===== DATASET RECORDS =====

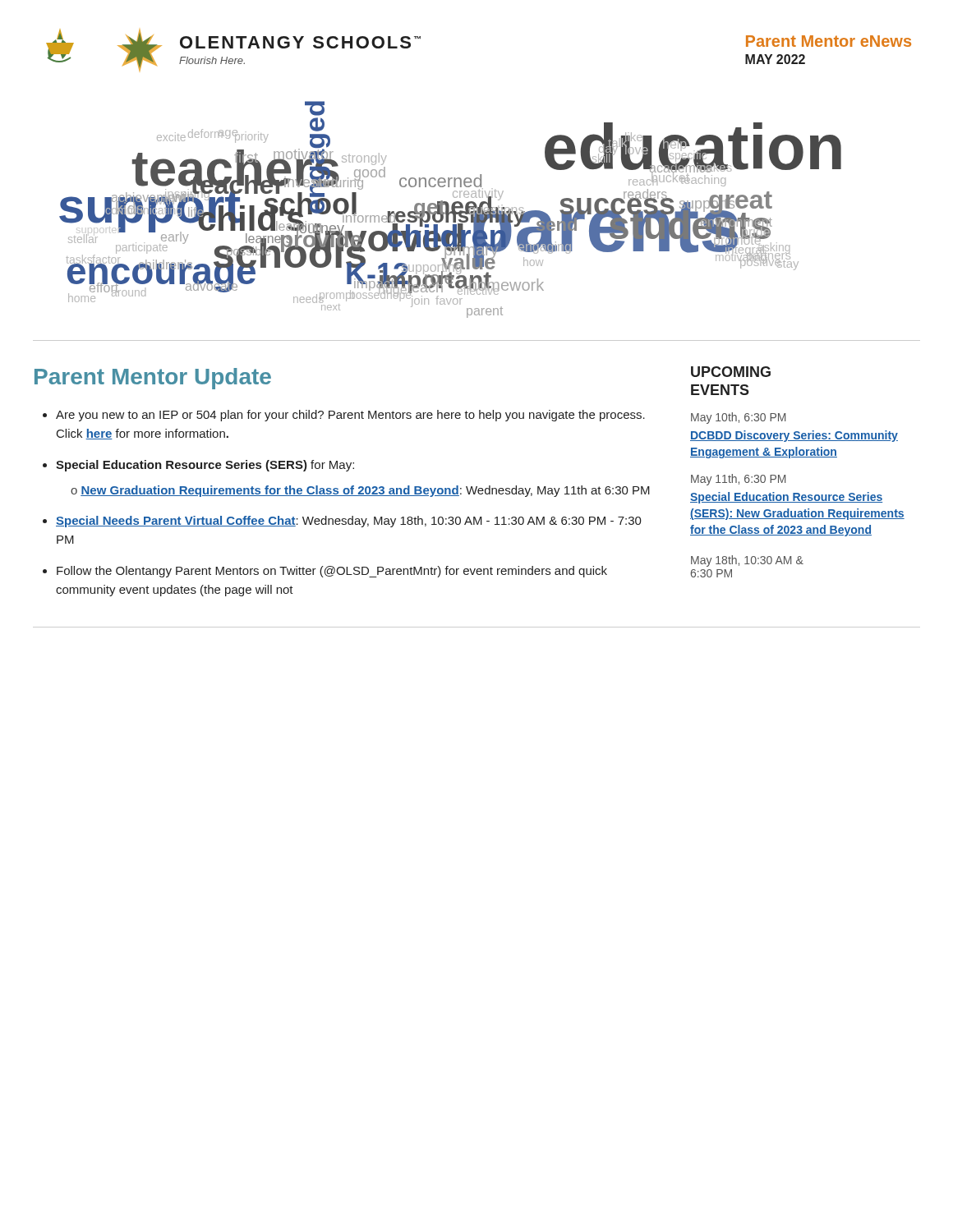The image size is (953, 1232).
Task: Find the passage starting "May 18th, 10:30 AM"
Action: tap(747, 566)
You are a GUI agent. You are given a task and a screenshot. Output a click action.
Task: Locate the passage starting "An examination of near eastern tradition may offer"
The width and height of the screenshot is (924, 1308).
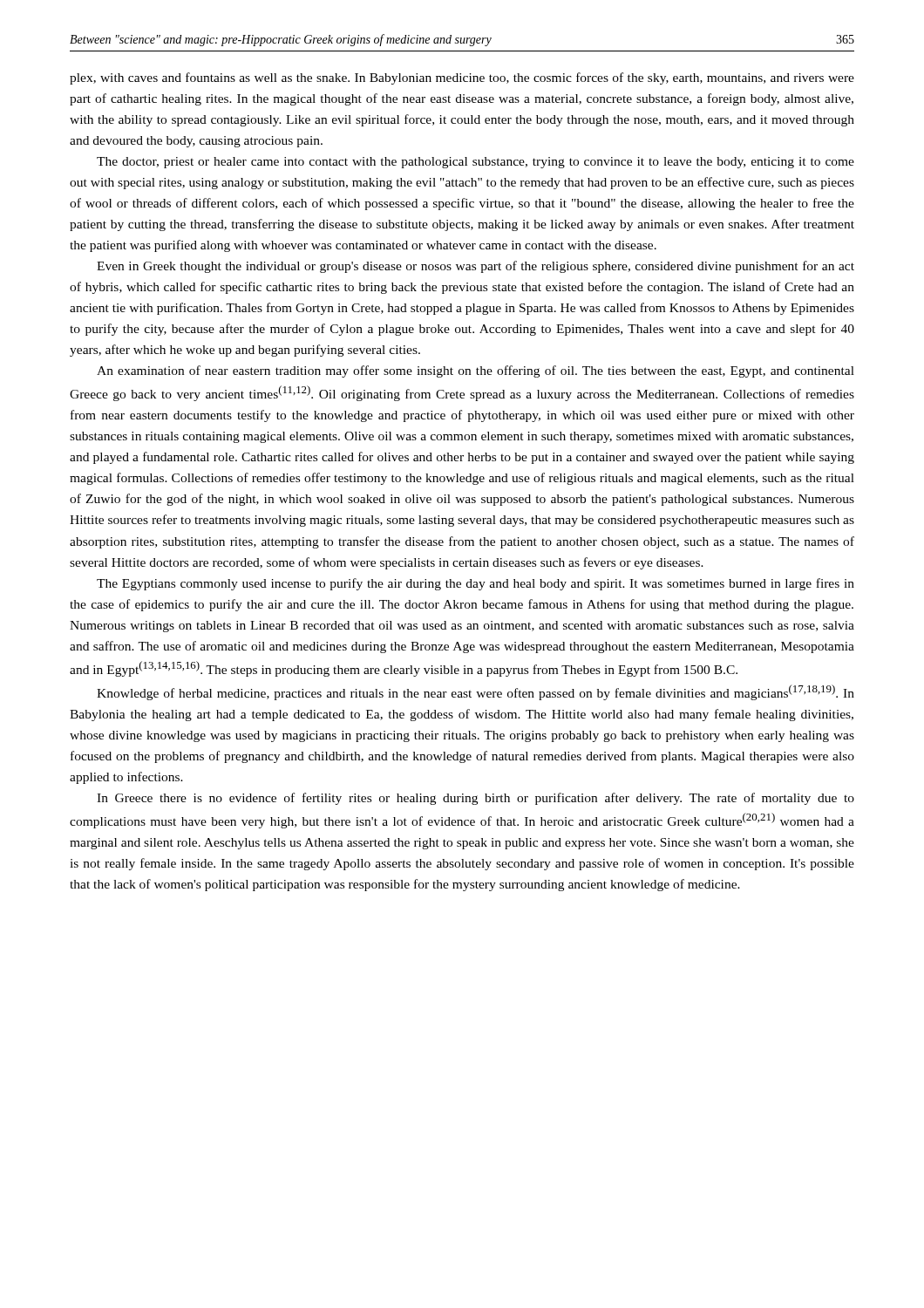coord(462,466)
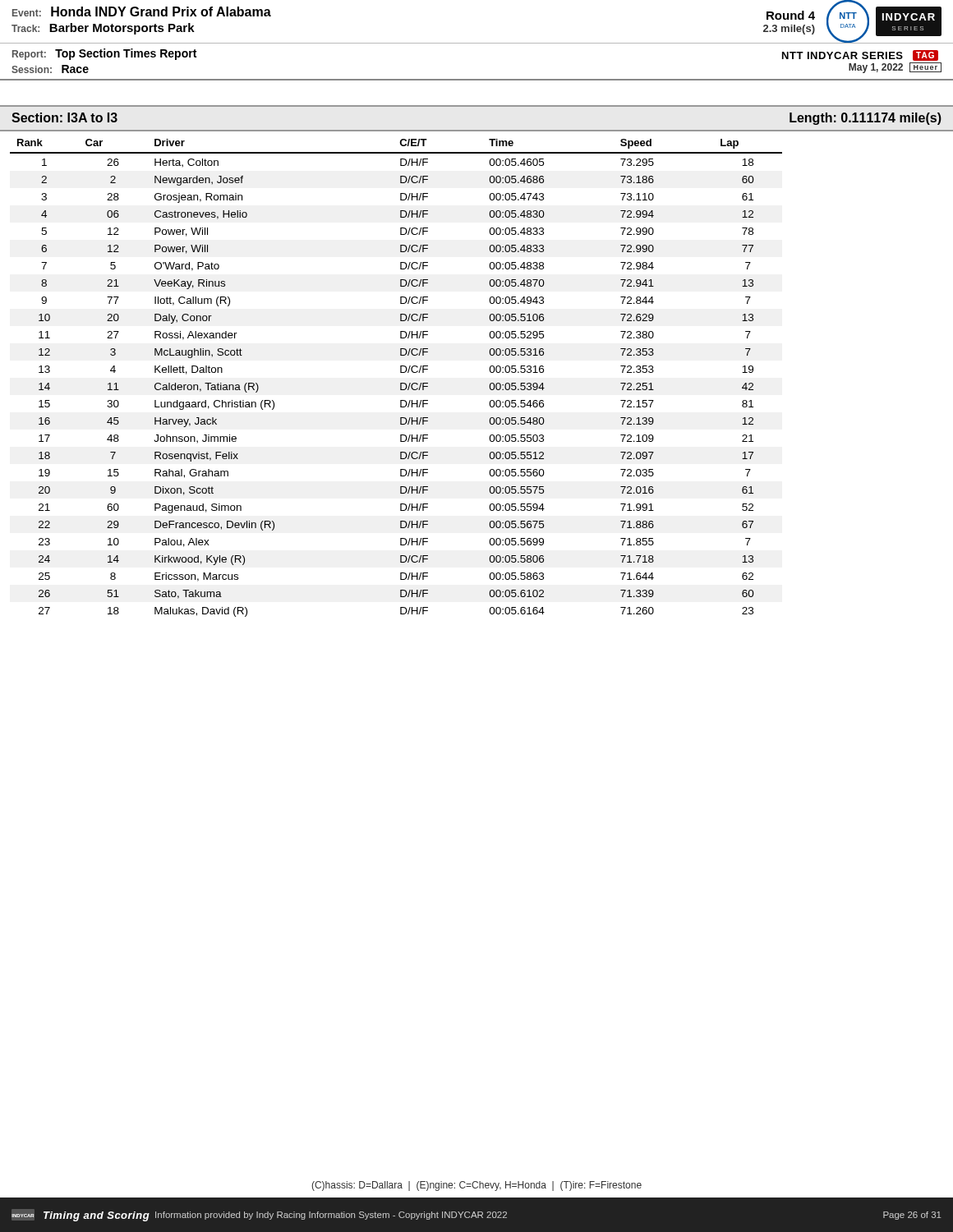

=====

▶ _AIM OF THE EXERCISE_: Only the lines from the one containing "The width and" through the end of the records above should be retyped, exactly as they stand, with any pictures left out.

▶ _EXPECTED OUTPUT_:
The width and height of the screenshot is (924, 1308).
coord(462,466)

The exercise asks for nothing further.